Content starts

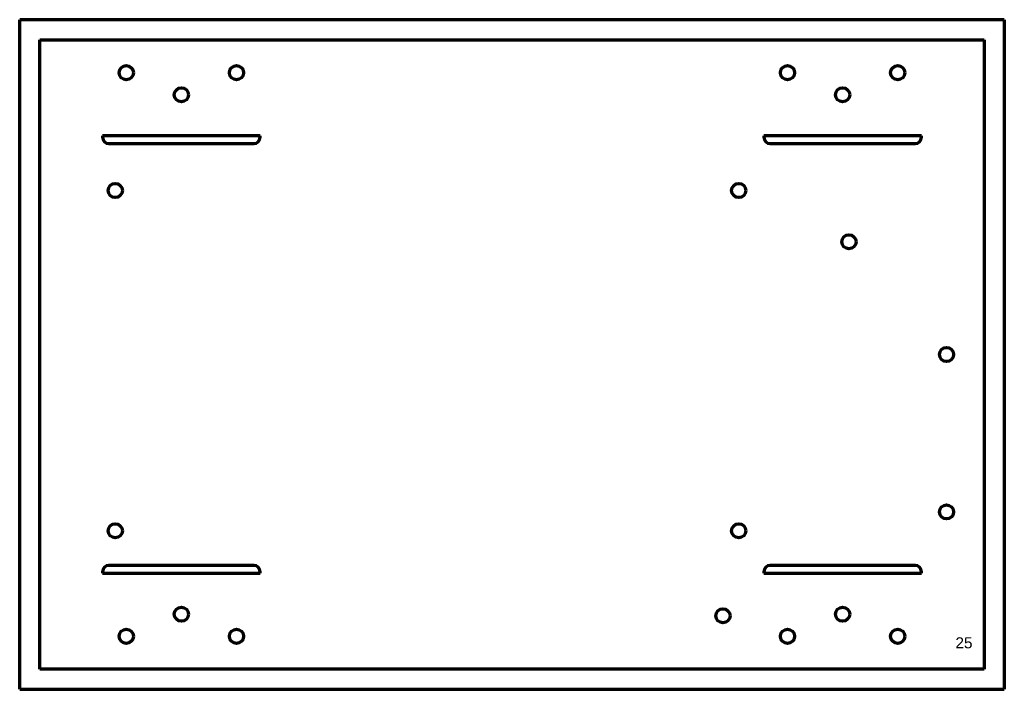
# Model space of a CAD drawing. Header units: millimetres. Extents: x 48 to 361, y 39 to 252.
import ezdxf

# ---------------------------------------------------------------- set-up
doc = ezdxf.new("R2010")
doc.units = ezdxf.units.MM
doc.layers.add('1', color=7, linetype='Continuous', true_color=0xffffff)
doc.styles.add('Arial', font='Arial')

msp = doc.modelspace()

# ---------------------------------------------------------------- linework, layer by layer
at = {"layer": '1', "color": 8, "linetype": 'Continuous', "lineweight": 70}
for p, q in [((48.286671, 38.899374), (48.286671, 251.599374)), ((360.986671, 251.599374), (48.286671, 251.599374)), ((360.986671, 251.599374), (360.986671, 38.899374)), ((48.286671, 38.899374), (360.986671, 38.899374))]:
    msp.add_line(p, q, dxfattribs=at)
at = {"layer": '1', "color": 175, "linetype": 'Continuous', "lineweight": 70}
for p, q in [((54.636671, 245.249374), (354.636671, 245.249374)), ((54.636671, 45.249374), (54.636671, 245.249374)), ((354.636671, 245.249374), (354.636671, 45.249374)), ((74.636671, 214.749374), (74.636671, 214.249374)), ((124.636671, 214.749374), (74.636671, 214.749374)), ((124.636671, 214.249374), (124.636671, 214.749374)), ((284.636671, 214.749374), (284.636671, 214.249374)), ((334.636671, 214.749374), (284.636671, 214.749374)), ((334.636671, 214.249374), (334.636671, 214.749374)), ((76.636671, 212.249374), (122.636671, 212.249374)), ((286.636671, 212.249374), (332.636671, 212.249374)), ((122.636671, 78.249374), (76.636671, 78.249374)), ((332.636671, 78.249374), (286.636671, 78.249374)), ((74.636671, 76.249374), (74.636671, 75.749374)), ((74.636671, 75.749374), (124.636671, 75.749374)), ((124.636671, 75.749374), (124.636671, 76.249374)), ((284.636671, 76.249374), (284.636671, 75.749374)), ((284.636671, 75.749374), (334.636671, 75.749374)), ((334.636671, 75.749374), (334.636671, 76.249374)), ((354.636671, 45.249374), (54.636671, 45.249374))]:
    msp.add_line(p, q, dxfattribs=at)
for centre in [(82.136671, 234.749374), (117.136671, 234.749374), (292.136671, 234.749374), (327.136671, 234.749374), (99.636671, 227.749374), (309.636671, 227.749374), (78.636671, 197.349374), (276.636671, 197.349374), (311.636671, 181.049374), (342.636671, 145.249374), (342.636671, 95.249374), (78.636671, 89.249374), (276.636671, 89.249374), (99.636671, 62.749374), (271.636671, 62.249374), (309.636671, 62.749374), (82.136671, 55.749374), (117.136671, 55.749374), (292.136671, 55.749374), (327.136671, 55.749374)]:
    msp.add_circle(centre, 2.25, dxfattribs=at)
for centre, start, end in [((76.636671, 214.249374), 180, 270), ((122.636671, 214.249374), 270, 0), ((286.636671, 214.249374), 180, 270), ((332.636671, 214.249374), 270, 0), ((76.636671, 76.249374), 90, 180), ((122.636671, 76.249374), 0, 90), ((286.636671, 76.249374), 90, 180), ((332.636671, 76.249374), 0, 90)]:
    msp.add_arc(centre, 2, start, end, dxfattribs=at)

# ---------------------------------------------------------------- texts
at = {"layer": '1', "color": 18, "linetype": 'Continuous', "lineweight": 13, "insert": (345.452461, 39.64719), "char_height": 3.5, "attachment_point": 7, "line_spacing_factor": 1.047437, "style": 'Arial'}
msp.add_mtext('\\fArial|b0|i0;\\W1.0000;25\\P\\P ', dxfattribs=at)

doc.saveas('drawing.dxf')

Content ends

Work to be completed: In the records shown above, how many lines include the word "drawing"? Answer with the number only.

Response area: 2